It does happen where a calm horse will get too scared and seemingly lose his training. 

John Lyons horse Zip had the same thing happen to him. He will tell the story of a photo shoot they did involving a helicopter, bear, and a tarp that shot up into the air. During the shoot Zip was fine, but the next day he was really spooky. John had to take him back to the round pen and work on spook work.

I too have had this experienced with a Mustang and a PMU rescue mare. In both cases the horses were 'fine' until one day the horse jumped and the rider came off. Both horses were fearful after that day and had to go through retraining to get them thinking again. Both horses were also very fearful of the area where the accident took place.

My suggestion is that you go through spook work with your horse and reteach the horse how to control it's fear. BTW both of the horses are doing super on trail and the owner of the mustang says he is so calm now that he goes a bit too slow. : )


----------



## 5cuetrain (Dec 11, 2009)

A couple of things.

One: since you really don't know his history it could be that he has been doing this for a long time.

Two: It sounds to me like he is either loosing his focus or he is deciding that he is done with whatever he is doing and wants to do something else.

Keeping his focus is more about constand redirection of his feet than it is a certain pattern or excercise. Keep changing the direction of his feet so that he knows that your are in control of each footfall. That will solve the focus issue.

If it is truly a fear thing then you need to re assure him that all is well by controling your emotions and redirecting his thoughts to his feet. You have about 1 second to get him focused on you. If he goes "holy SH__!!" and you second the emotion he will think he is right and BOOM. If you stay calm and redirect him he will come around.

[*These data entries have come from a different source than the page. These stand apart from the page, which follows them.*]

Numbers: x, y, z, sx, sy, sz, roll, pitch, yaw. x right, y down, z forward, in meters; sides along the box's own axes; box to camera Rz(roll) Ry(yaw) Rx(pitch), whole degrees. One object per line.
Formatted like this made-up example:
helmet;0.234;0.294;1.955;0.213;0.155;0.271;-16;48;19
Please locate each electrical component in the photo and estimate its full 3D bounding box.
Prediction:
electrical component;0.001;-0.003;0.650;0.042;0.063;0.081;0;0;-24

Remember beng a good leader is the key. Just because he has had some tough times does not change the fact that you are the leader and he follows. Its the way horses think and he will be more comfortable once you earn his respect as the leader. Either you are the leader or he is--there is no other way that they understand.


----------



## I LIVE FOR HORSES (Sep 12, 2011)

If you have changed any of your tack (and I mean any of it) you might change back to your old tack because my horse did the same thing and changed back to my old saddle and she stopped acting up. But anytime she did something, I rode it out. Just hold on to anything but if you do fall off, climb right back on if yall arent seriously hurt. Hope this helps!


----------



## JustRide (Jun 28, 2011)

Maybe something spooked him without you knowing and it's "stuck" with him. I don't know if you get what I'm saying. Lol - but this happened to me with my TB. He got spooked when he was in tight spaces and he wouldn't stand for me. So I ended slowly leading him into the barn and things ended coming along after about 1 1/2 month.


----------



## Annnie31 (May 26, 2011)

Could be eyes but I think its more likely he has learned if he acts up enough he can unseat you and go home. Work him at home, make sure he understands that you are not coming off and he better behave. He has to know he cant get you unseated and take off and if he tries it at home you better have a HUGE converstation with him about who is the boss. Sounds like fun....


----------



## Annnie31 (May 26, 2011)

sorry hit enter before finished post above...
of course above post is if the horse is just being spoiled, if he truly is afraid and as the handler you should know I would simply suggest riding him a bit further from home every day. If he spooks work him for a while till he relaxes again and the next time you ride him ride him a bit further the key being to get a few rides no matter how short in with no incident.. I think the more you do it without incident the better he will get..


----------



## Joe4d (Sep 1, 2011)

My horse was handled pretty rough in his formerlife and was extremely spooky at everything. The the point of riolling his eyes and rearing up when he saw a saddle or western hat, basic exposure training and being nice to him help, but you cant think of everything, I have done some trining drills that dont keep him from getting scared, but have changed his reaction, In the round pen on a 12 foot lead line, I intentionally scare him, wave hats, rocks in a beer can, plastic bags, I change all the time. As soon as his feet stop moving I stop waving item. Then do it again, each time as soon as his feet stop I stop. Basically I have taught him to freeze when he sees something spooky instead of rearing and spinning 180 unexpectadly, On the trail he will now freeze, I can collect him encourage him a bit and usually get him to go on by without incident.


----------